### Exercise aim:
In the data, find each line where the word "roll" appears and list that line.

Records to use Block Start

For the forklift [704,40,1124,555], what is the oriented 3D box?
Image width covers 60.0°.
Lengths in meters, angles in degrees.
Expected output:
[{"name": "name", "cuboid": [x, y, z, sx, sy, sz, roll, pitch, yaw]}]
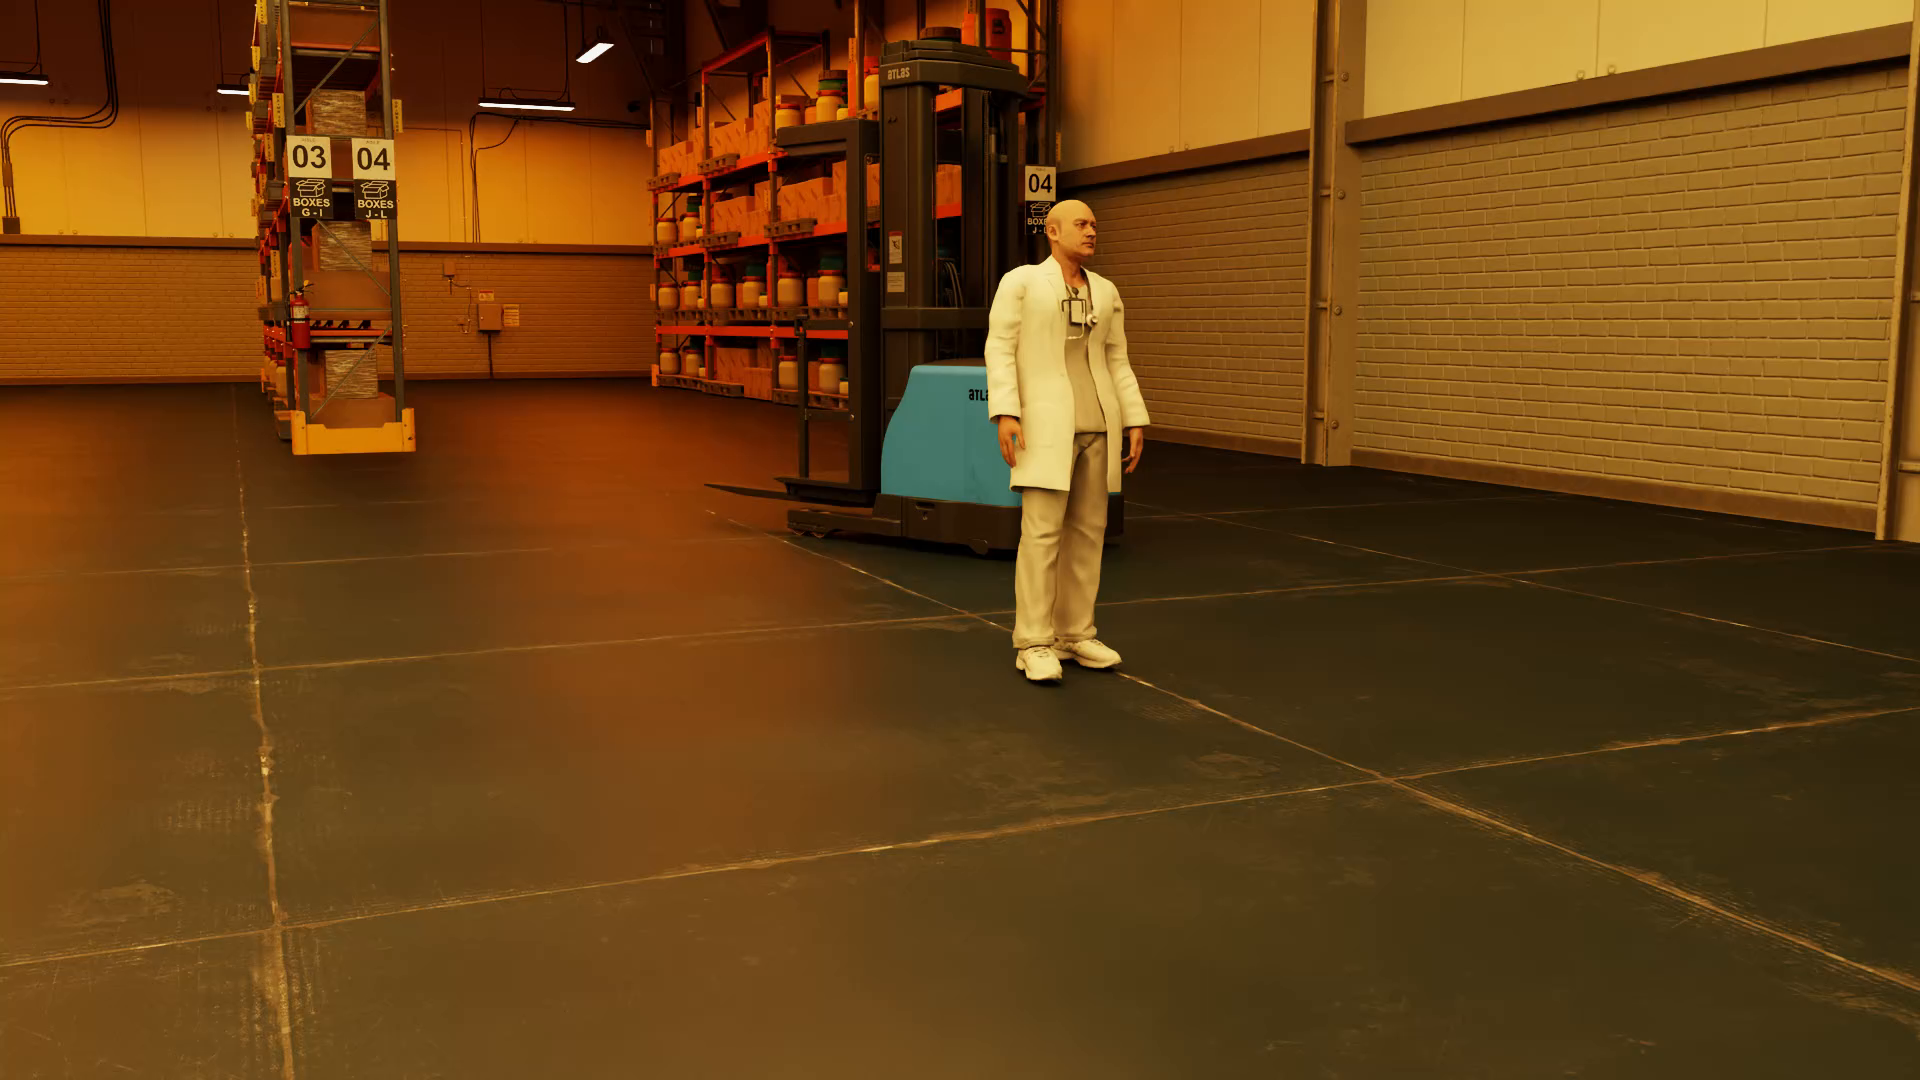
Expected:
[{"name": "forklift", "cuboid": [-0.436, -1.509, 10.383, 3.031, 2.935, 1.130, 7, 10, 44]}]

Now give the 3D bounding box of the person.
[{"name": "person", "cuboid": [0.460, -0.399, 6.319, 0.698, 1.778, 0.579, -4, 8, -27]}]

Records to use Block End
Records to use Block Start

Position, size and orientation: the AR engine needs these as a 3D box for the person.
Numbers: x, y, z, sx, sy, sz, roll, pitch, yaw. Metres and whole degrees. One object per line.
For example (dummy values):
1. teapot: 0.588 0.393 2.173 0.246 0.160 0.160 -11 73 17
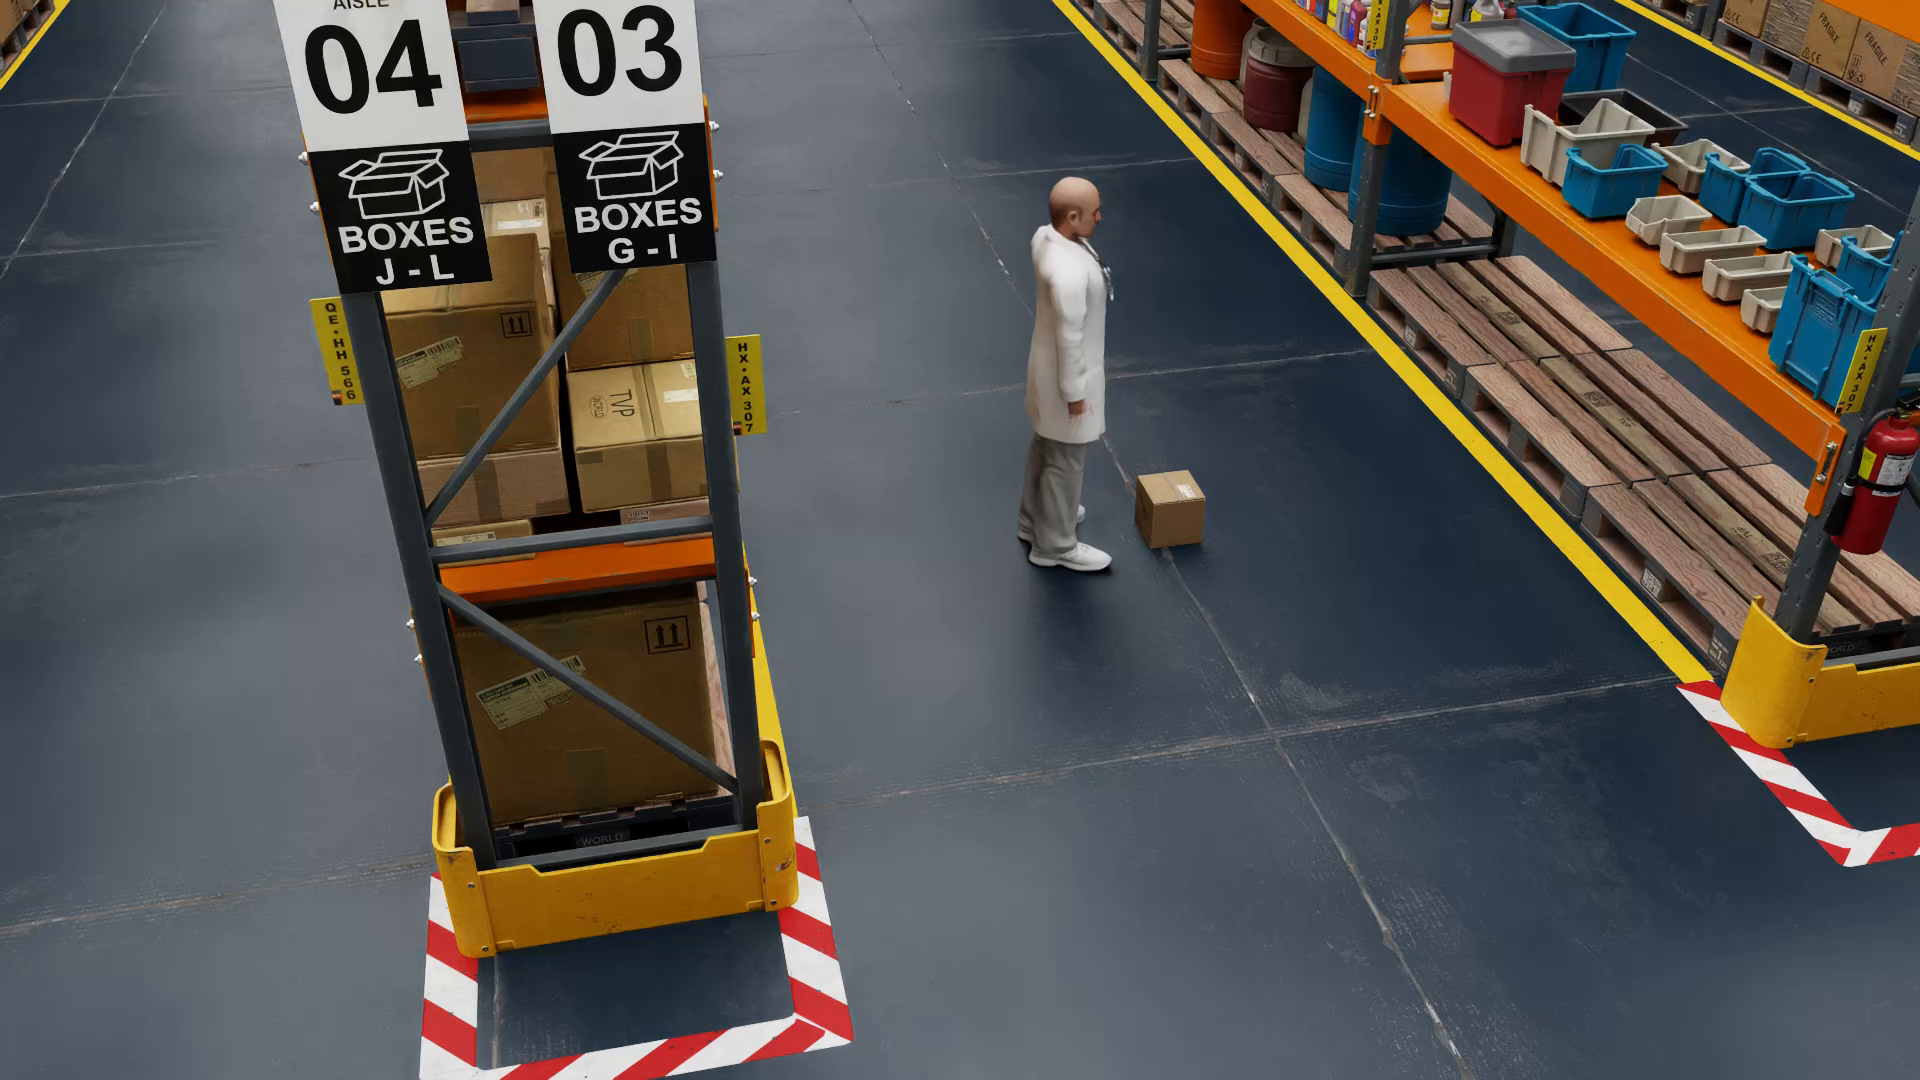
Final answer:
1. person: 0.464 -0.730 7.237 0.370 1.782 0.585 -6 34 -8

Records to use Block End

### Worked solution:
[{"name": "name", "cuboid": [x, y, z, sx, sy, sz, roll, pitch, yaw]}]
Numbers: x, y, z, sx, sy, sz, roll, pitch, yaw. Metres and whole degrees. One object per line.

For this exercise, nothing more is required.